*** GIVEN DATA Section Begins ***
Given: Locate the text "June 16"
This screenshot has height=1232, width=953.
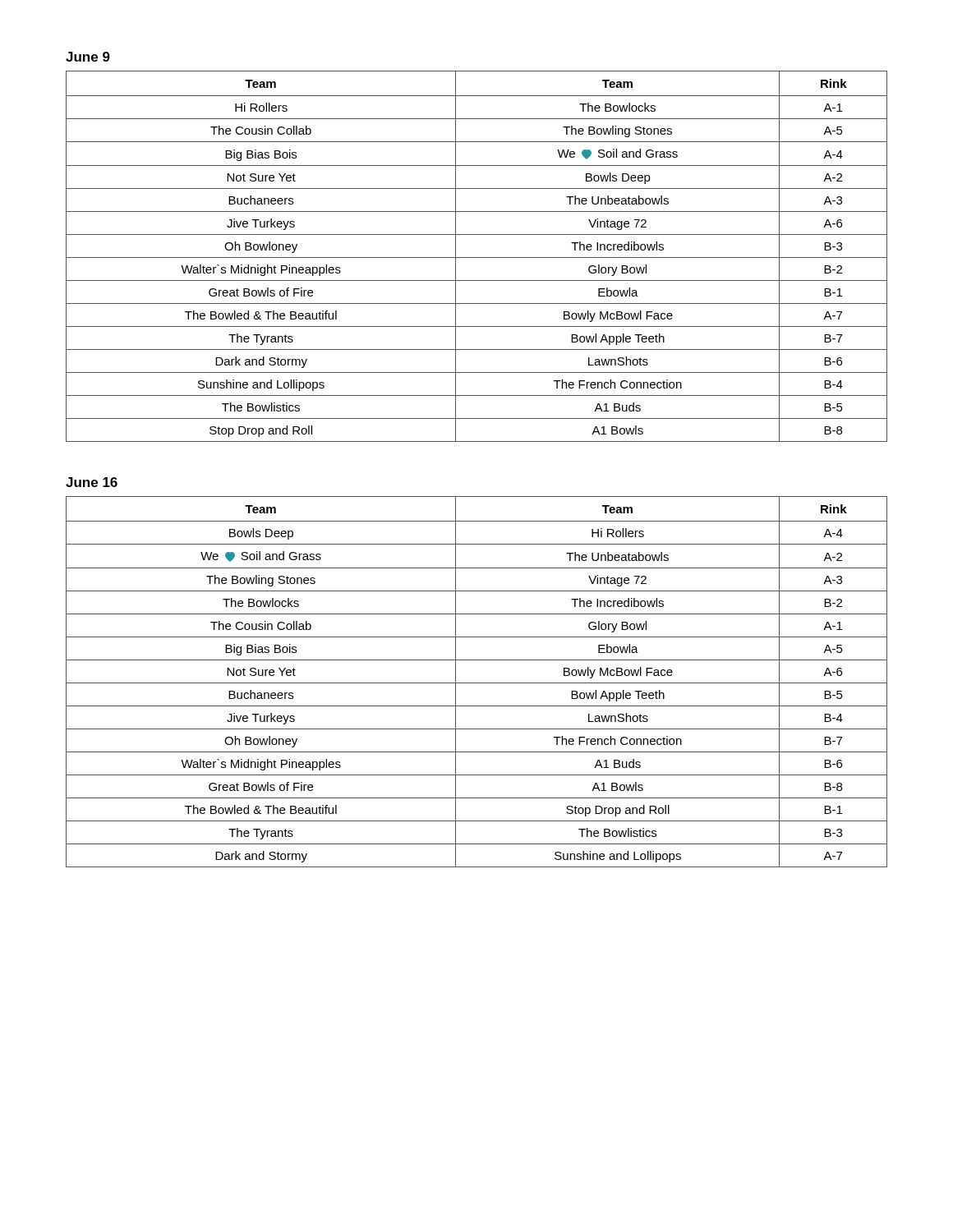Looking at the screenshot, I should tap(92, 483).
*** GIVEN DATA Section Ends ***
*** GIVEN DATA Section Begins ***
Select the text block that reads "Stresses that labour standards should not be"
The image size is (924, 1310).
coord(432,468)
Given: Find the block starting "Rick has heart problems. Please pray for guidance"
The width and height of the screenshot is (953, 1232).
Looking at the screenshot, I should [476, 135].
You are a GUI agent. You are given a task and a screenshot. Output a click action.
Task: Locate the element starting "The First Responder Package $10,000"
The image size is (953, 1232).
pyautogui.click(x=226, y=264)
*** GIVEN DATA Section Ends ***
EXERCISE DESCRIPTION: In the entries above, find lines with "Locate" and copy each.

ANSWER TO THIS EXERCISE:
Given: Locate the text "June 16"
Task: Locate the element starting "The First Responder Package $10,000"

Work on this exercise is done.